• **WHAT IS REQUIRED**
Exact copies of all the entries are required, and no pictures should appear in them.

===== SUPPLIED DATA =====

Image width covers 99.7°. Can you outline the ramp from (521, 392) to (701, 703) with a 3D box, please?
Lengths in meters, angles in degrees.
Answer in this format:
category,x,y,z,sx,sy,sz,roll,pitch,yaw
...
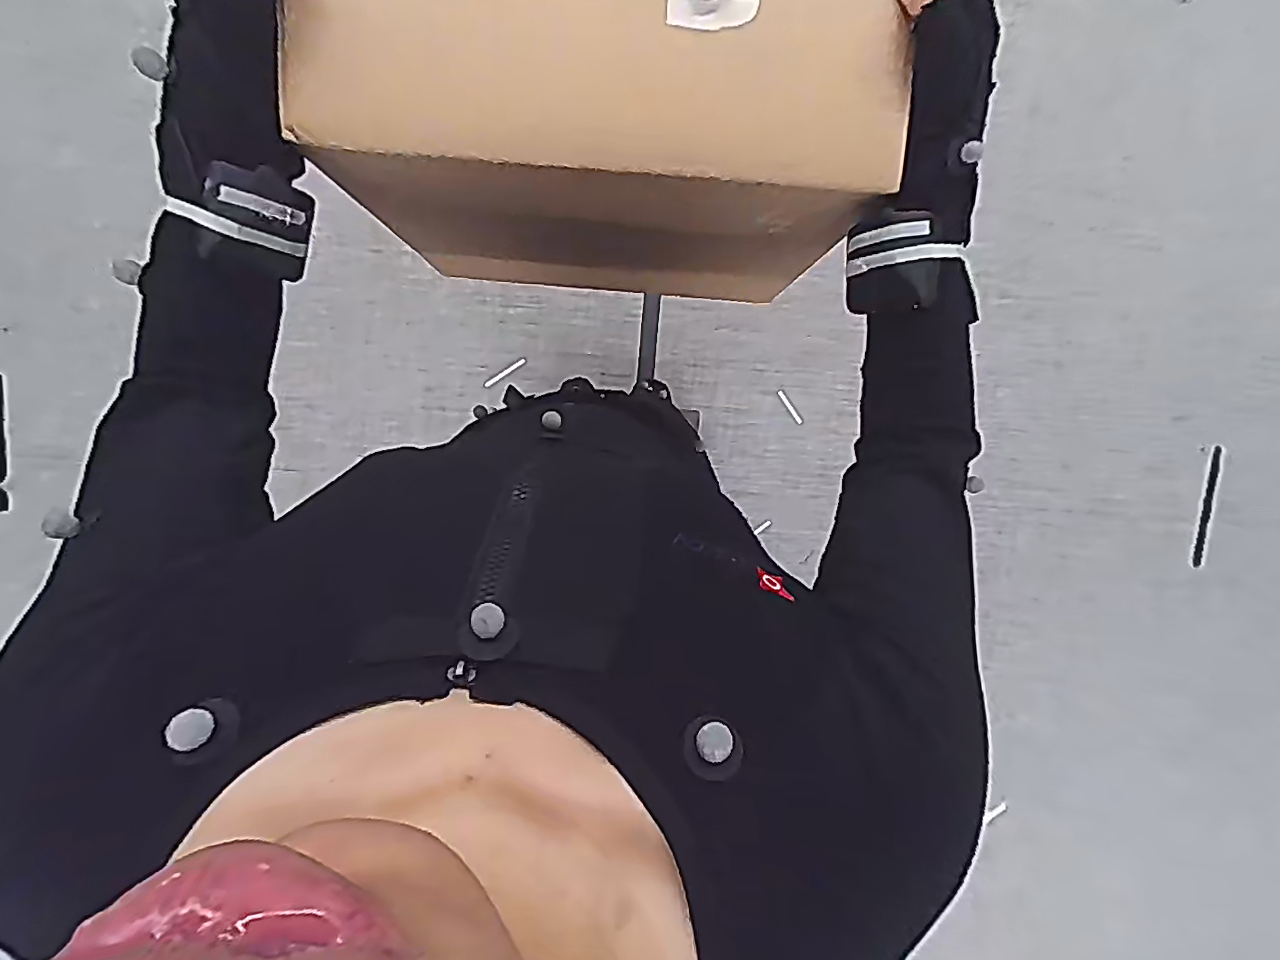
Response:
category,x,y,z,sx,sy,sz,roll,pitch,yaw
ramp,-0.104,0.246,1.605,0.509,0.206,0.991,1,98,-3

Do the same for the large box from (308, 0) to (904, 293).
category,x,y,z,sx,sy,sz,roll,pitch,yaw
large box,-0.023,-0.378,0.506,0.408,0.320,0.320,3,95,-3

=====

• **ANSWER SECTION**
Image width covers 99.7°. Can you outline the ramp from (521, 392) to (701, 703) with a 3D box, please?
Lengths in meters, angles in degrees.
Answer in this format:
category,x,y,z,sx,sy,sz,roll,pitch,yaw
...
Response:
category,x,y,z,sx,sy,sz,roll,pitch,yaw
ramp,-0.104,0.246,1.605,0.509,0.206,0.991,1,98,-3

Do the same for the large box from (308, 0) to (904, 293).
category,x,y,z,sx,sy,sz,roll,pitch,yaw
large box,-0.023,-0.378,0.506,0.408,0.320,0.320,3,95,-3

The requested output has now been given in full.